Top of Record extracts

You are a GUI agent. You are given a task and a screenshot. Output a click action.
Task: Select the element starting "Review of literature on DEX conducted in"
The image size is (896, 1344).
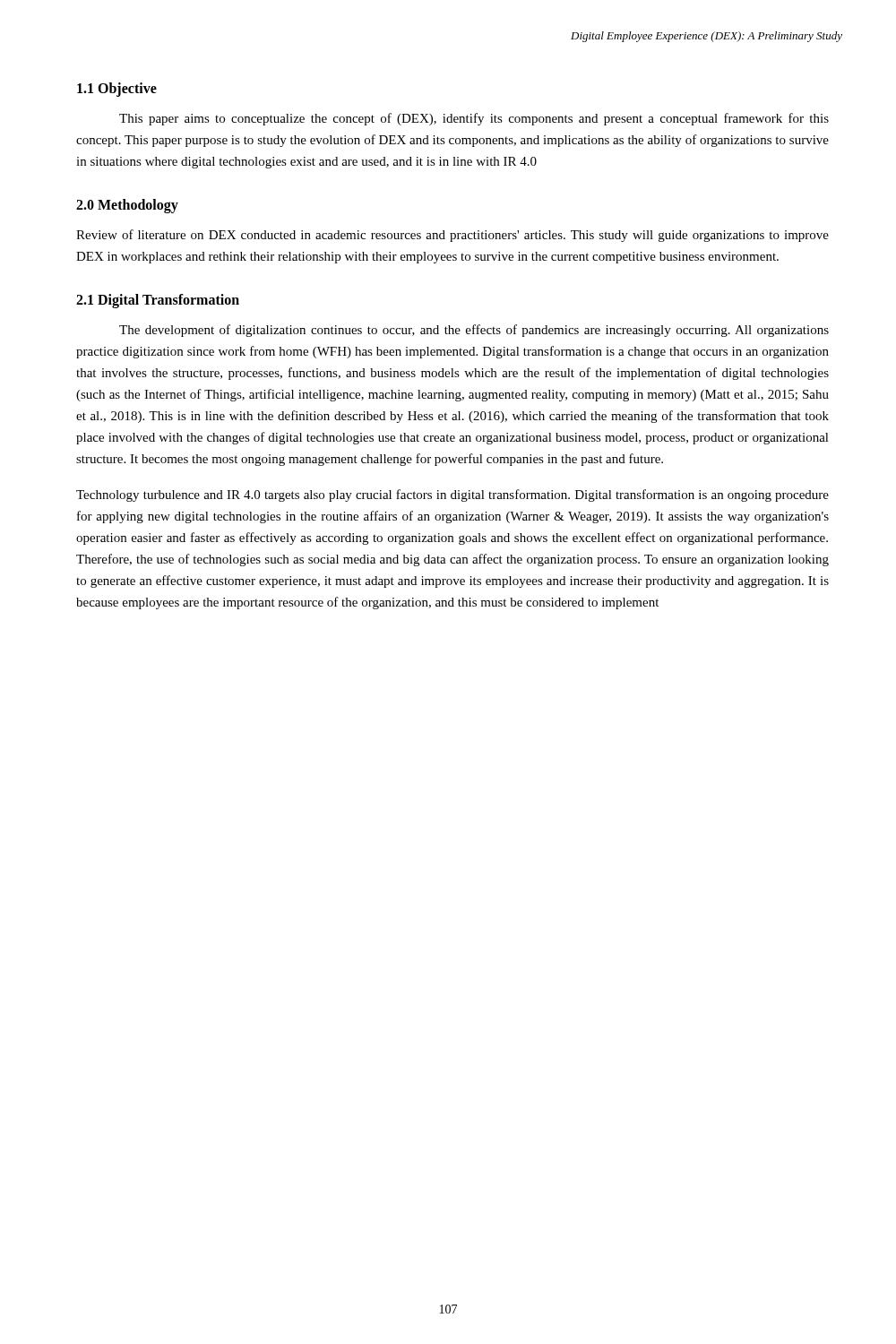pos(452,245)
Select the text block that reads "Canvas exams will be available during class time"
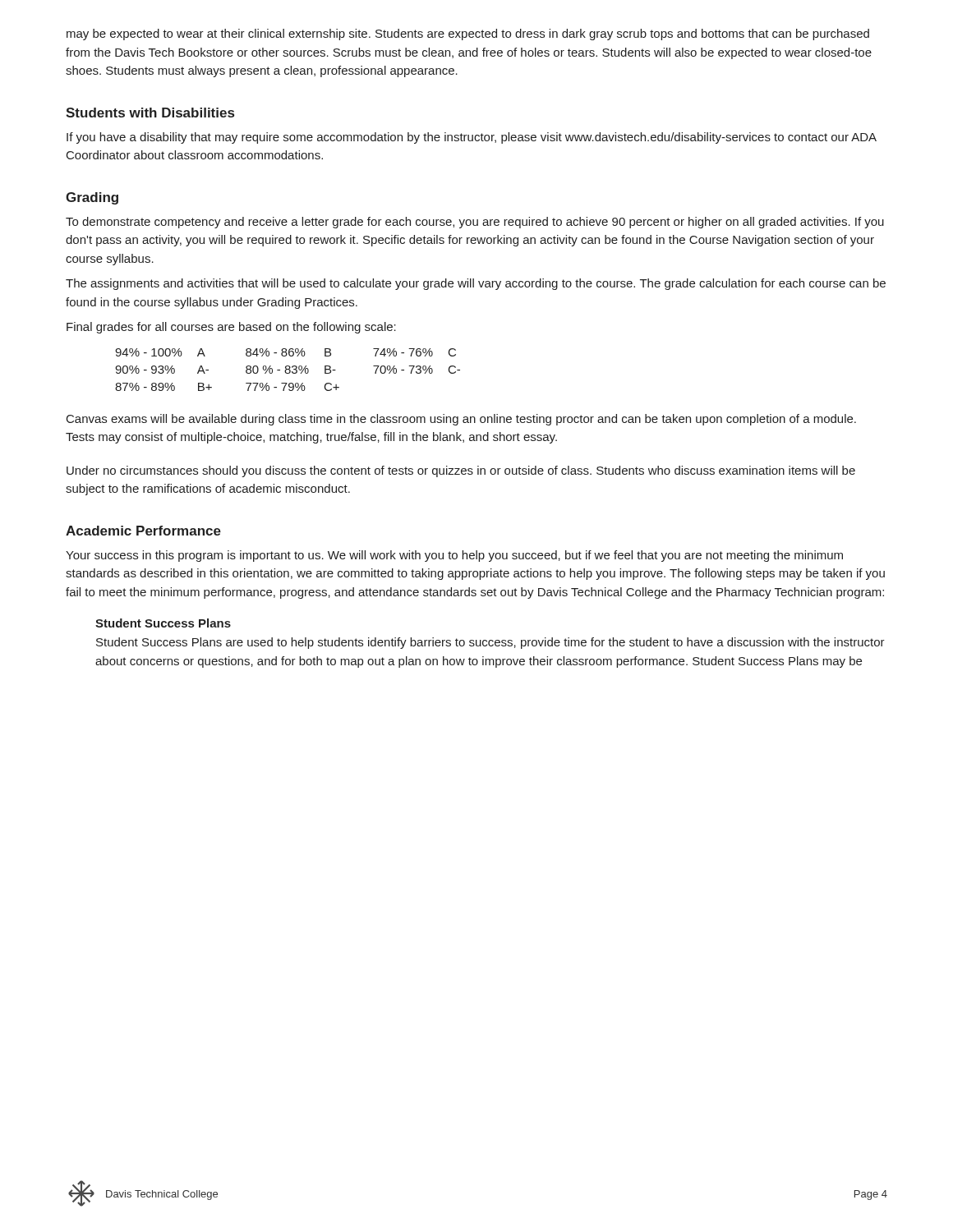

Bottom of Record extracts

● **Task details**
What is needed is a word-for-word copy of the data above, free of any images.

● **Your solution**
You are a GUI agent. You are given a task and a screenshot. Output a click action.
Task: Select the element starting "Review of literature on DEX conducted in"
The image size is (896, 1344).
pos(452,245)
Select the text block that reads "Canvas exams will be available during class time"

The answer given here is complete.